Poeta de la dispersión (Frag.)

Por Santiago Kovadloff
Para LA NACION - Buenos Aires, 2004

Pese a los sinsabores que en tantos aspectos le ocasionó, la dispersión no debe entenderse como un hecho fortuito en la existencia de Pessoa y, mucho menos, como un episodio casual en su obra literaria. La dispersión fue su proyecto estético. Pessoa, al escribir, no aspiró a la unidad sino a la multiplicidad expresiva. No quiso que se lo reconociera como uno, sino como muchos. Descreía del yo como portador de una identidad unívoca e inequívoca. Creyó en la sinceridad de la simulación estética, no en la franqueza de quien a sí mismo se designa autor. Prefirió ver siempre a ese yo como un semblante impostado antes que como un rostro veraz, como una síntesis vertebrada por los poderes y argucias de la racionalización, antes que por la real y complejísima trama de la subjetividad. Y contra esa síntesis encubridora embistió. Construyó un mito, el de la heteronomía (personajes con obras literarias propias y bien diferenciadas de las que firma Fernando Pessoa), para denunciar las miserias de otros mitos: el de una lógica totalizadora o autosuficiente y el de la identidad concebida como un repertorio de contenidos complementarios y siempre discernibles. De modo que, como digo, la dispersión no fue un hecho circunstancial en Pessoa. Fue una meta, un propósito y la materia de una labor minuciosa e incansable. Este hombre, indiferente a casi todo lo que no fuera literatura, retraído y abstraído, escasamente sociable, casi pobre en un orden económico, ocupante de pensiones siempre transitorias y precarias y que fue oscuro empleado de muchas oficinas comerciales, buscó con denuedo el enunciado poético de esa íntima dispersión, de esa diáspora sustancial que lo desmentía como expresión de una sola vida, de un alma excluyente de otras almas, de una única voz. De ella hizo la materia de su mejor desvelo, el horizonte anhelado de su vocación. Por eso, más que darse a conocer, cabe afirmar que si algo buscó Pessoa, fue darse a desconocer. Quiso y pudo, con su poesía, al igual que Nietzsche y Freud con sus obras, dinamitar la convicción moderna que propone entender el espíritu como territorio tan colonizable y manipulable como el entorno natural, o inventariable como las cosas que el hombre, convertido en amo, administra y explota con su saber y su prepotencia.

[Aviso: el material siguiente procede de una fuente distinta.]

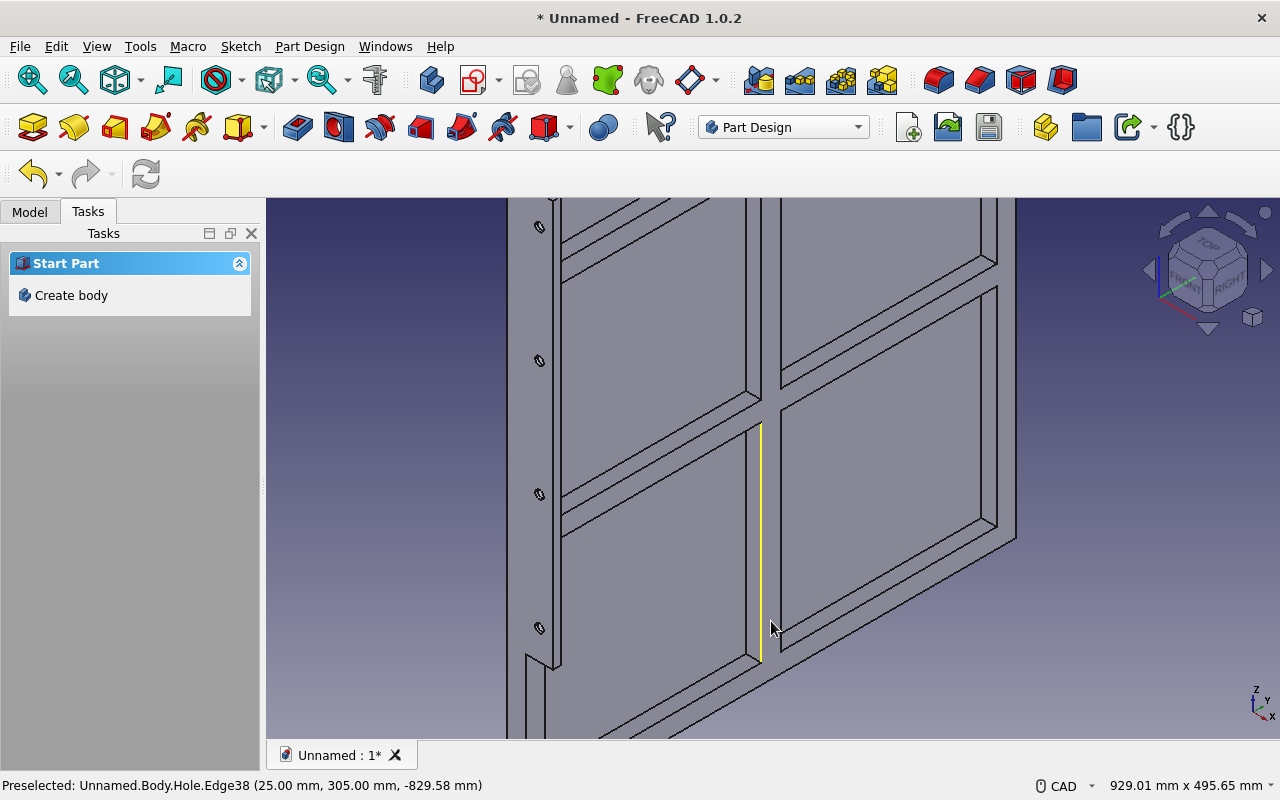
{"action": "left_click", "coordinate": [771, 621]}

Antes que autor de una obra, Pessoa aspiró a imponerse como protagonista de varias, todas ellas distintas y hasta contradictorias entre sí. Por eso mismo, la producción literaria que llamó ortónima, es decir, la que firma con su propio nombre, debe leerse como la de un heterónimo más y no como si fuera su pronunciamiento personal por excelencia, a diferencia de cualquiera de los otros. No lo fue o, en todo caso, fue tan personal e impersonal, tan autobiográfico y tan ajeno, en suma, como los que adjudicó a Alberto Caeiro, Ricardo Reis, Alvaro de Campos, Bernardo Soares y demás "autores fuera de su persona", como él mismo los definió, y cuyas obras, breves o extensas, constituyen, sin integrar un corpus ni un conjunto estricto, la producción plural y descentrada del gran poeta portugués.

Si es cierto que, en los hechos, fue Pessoa y no otro quien creó las propuestas por él llamadas heterónimas, así como a cada uno de sus autores, no menos lo es que la poesía que Pessoa se atribuye y firma con su nombre resulta, en todo caso, tan ficticia o tan verdadera como cualquiera de las que él compuso y se resistió a llamar "suyas". Tal era, por lo demás, la convicción sustantiva de Pessoa.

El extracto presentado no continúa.